[Records from a dataset]
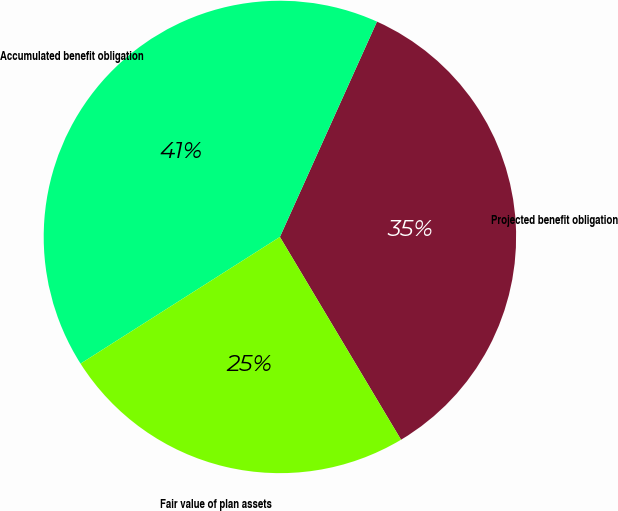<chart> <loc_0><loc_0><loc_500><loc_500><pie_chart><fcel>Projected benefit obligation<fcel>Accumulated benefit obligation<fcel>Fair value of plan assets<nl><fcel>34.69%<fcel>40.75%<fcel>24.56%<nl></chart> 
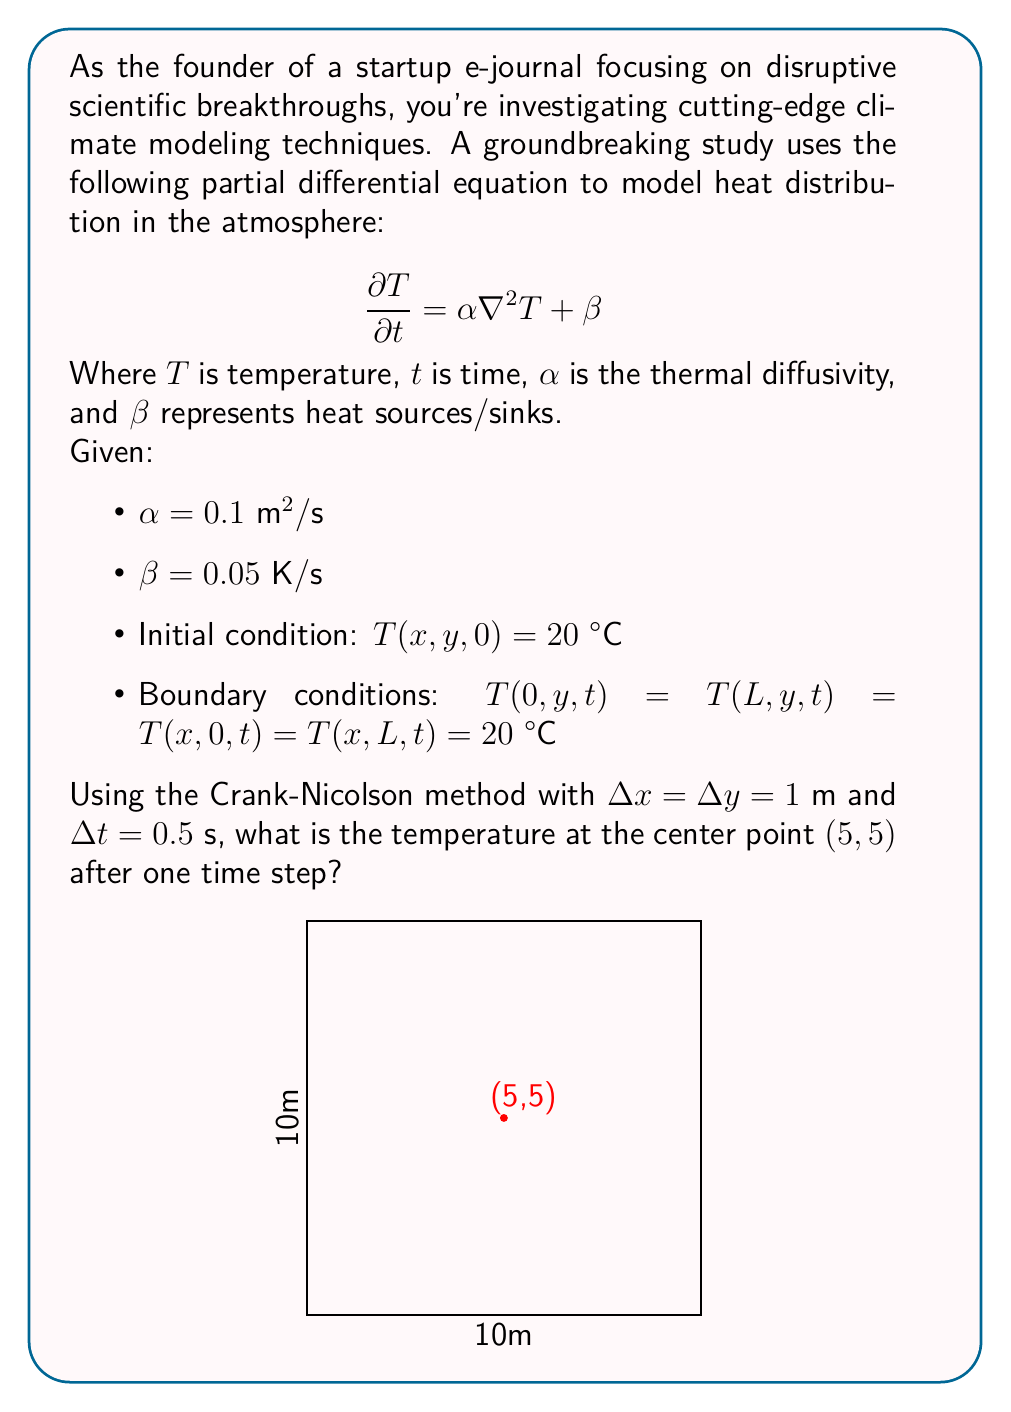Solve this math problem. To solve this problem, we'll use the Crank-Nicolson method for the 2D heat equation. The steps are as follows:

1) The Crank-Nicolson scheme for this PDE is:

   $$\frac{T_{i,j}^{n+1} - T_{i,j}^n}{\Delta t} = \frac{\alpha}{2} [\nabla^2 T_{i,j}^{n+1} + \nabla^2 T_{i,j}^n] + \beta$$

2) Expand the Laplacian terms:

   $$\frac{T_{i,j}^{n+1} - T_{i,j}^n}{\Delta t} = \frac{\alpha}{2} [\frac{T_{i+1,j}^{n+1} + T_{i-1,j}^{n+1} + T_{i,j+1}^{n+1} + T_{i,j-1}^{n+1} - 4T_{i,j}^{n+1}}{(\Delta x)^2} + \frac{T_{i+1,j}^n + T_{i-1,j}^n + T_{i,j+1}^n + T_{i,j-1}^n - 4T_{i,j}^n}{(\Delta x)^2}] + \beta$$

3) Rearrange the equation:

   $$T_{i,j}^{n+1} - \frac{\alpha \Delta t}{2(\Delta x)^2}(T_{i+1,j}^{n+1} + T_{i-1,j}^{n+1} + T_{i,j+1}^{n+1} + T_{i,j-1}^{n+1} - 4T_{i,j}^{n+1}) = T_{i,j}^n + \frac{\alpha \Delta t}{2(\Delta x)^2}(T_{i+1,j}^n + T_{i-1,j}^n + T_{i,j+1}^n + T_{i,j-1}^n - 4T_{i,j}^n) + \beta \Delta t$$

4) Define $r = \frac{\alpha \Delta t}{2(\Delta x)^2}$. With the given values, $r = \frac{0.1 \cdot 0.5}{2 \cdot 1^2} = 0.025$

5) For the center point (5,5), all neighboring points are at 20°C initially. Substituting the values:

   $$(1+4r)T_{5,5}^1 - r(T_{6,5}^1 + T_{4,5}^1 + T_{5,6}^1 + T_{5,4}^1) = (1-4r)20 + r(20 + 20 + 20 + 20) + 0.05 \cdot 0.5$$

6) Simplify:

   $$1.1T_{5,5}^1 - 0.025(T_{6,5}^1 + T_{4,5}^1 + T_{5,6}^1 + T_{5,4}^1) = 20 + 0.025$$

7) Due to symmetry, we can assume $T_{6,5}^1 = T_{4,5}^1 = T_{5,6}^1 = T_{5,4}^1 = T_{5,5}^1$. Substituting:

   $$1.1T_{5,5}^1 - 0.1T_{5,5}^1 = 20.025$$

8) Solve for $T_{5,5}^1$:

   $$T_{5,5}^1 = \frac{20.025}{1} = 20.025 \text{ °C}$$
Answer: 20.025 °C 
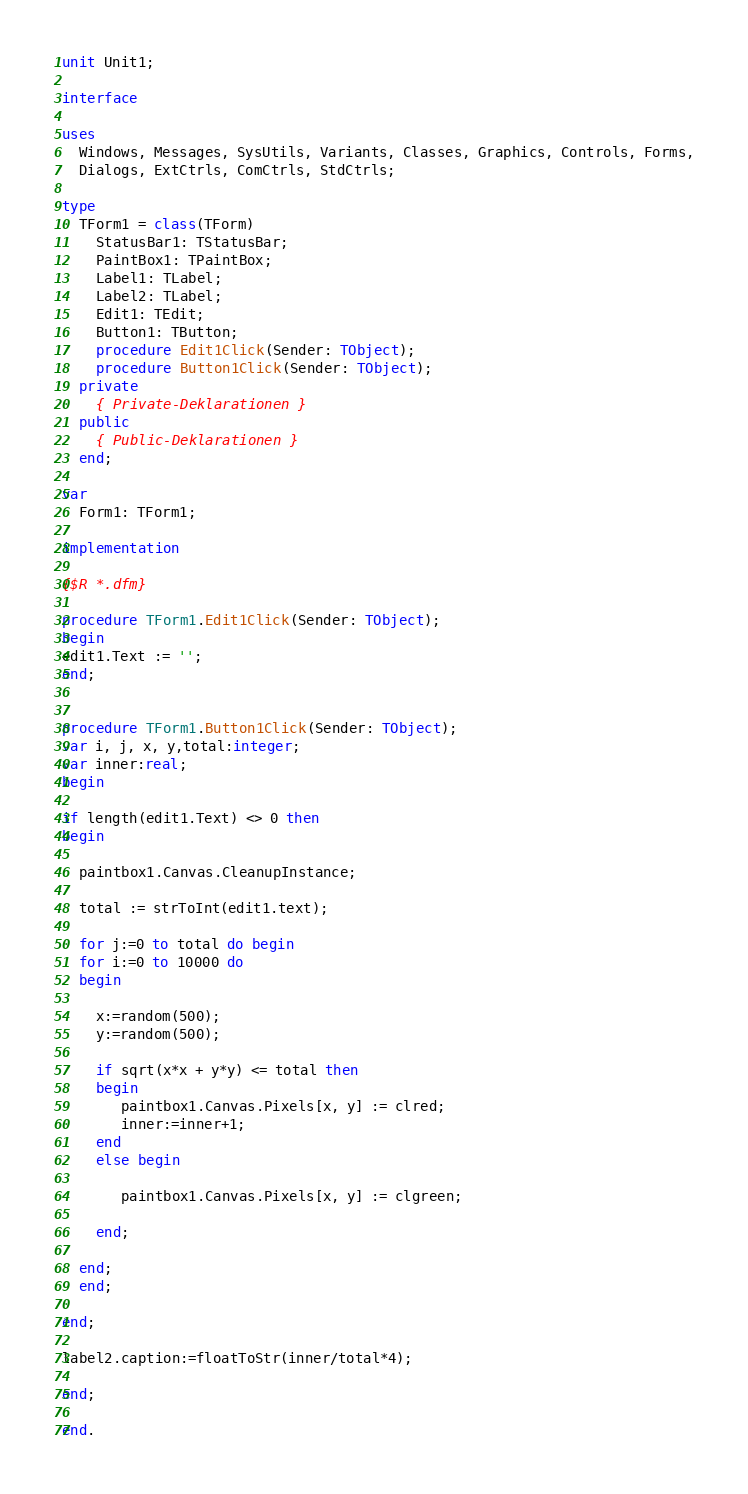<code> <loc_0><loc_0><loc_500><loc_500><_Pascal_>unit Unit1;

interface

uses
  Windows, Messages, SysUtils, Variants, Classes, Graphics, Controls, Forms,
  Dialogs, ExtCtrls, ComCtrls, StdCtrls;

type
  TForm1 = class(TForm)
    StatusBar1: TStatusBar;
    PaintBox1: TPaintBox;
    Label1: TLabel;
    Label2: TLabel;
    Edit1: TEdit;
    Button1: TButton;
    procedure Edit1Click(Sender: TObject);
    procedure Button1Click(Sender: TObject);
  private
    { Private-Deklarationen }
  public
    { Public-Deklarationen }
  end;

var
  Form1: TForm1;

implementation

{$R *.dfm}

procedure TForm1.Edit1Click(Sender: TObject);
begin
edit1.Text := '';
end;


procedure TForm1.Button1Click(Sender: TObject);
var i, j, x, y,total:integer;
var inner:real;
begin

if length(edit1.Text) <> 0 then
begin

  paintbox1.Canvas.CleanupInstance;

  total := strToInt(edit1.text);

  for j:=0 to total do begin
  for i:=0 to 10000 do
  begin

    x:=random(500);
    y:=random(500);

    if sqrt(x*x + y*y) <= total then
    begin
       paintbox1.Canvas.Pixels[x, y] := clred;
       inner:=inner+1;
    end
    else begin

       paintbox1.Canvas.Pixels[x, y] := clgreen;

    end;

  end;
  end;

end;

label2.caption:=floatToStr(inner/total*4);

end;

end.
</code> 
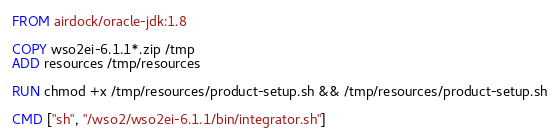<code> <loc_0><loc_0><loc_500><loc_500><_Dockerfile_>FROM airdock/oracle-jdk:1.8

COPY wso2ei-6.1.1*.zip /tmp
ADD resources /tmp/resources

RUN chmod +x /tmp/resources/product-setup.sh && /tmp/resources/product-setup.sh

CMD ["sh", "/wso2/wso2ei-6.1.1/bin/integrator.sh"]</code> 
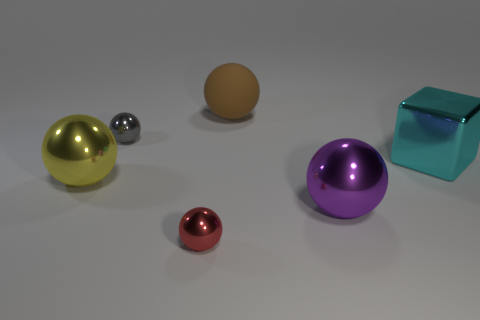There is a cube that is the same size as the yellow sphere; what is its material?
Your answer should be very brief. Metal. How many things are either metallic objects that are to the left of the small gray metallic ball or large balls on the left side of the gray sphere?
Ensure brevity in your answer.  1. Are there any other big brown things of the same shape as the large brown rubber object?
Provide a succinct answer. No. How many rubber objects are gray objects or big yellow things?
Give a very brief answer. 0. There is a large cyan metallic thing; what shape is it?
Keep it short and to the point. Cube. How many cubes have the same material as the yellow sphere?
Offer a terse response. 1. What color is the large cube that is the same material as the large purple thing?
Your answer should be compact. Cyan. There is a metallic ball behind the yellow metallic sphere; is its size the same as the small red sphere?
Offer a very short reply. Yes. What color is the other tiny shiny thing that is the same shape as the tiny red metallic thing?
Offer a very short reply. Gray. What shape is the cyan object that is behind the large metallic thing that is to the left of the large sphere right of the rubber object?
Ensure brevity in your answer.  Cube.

To do = Lines containing the string "left" are the ones to copy from the entries above.

Written solution =
Your answer should be very brief. Metal. How many things are either metallic objects that are to the left of the small gray metallic ball or large balls on the left side of the gray sphere?
Offer a very short reply. Gray. What shape is the cyan object that is behind the large metallic thing that is to the left of the large sphere right of the rubber object?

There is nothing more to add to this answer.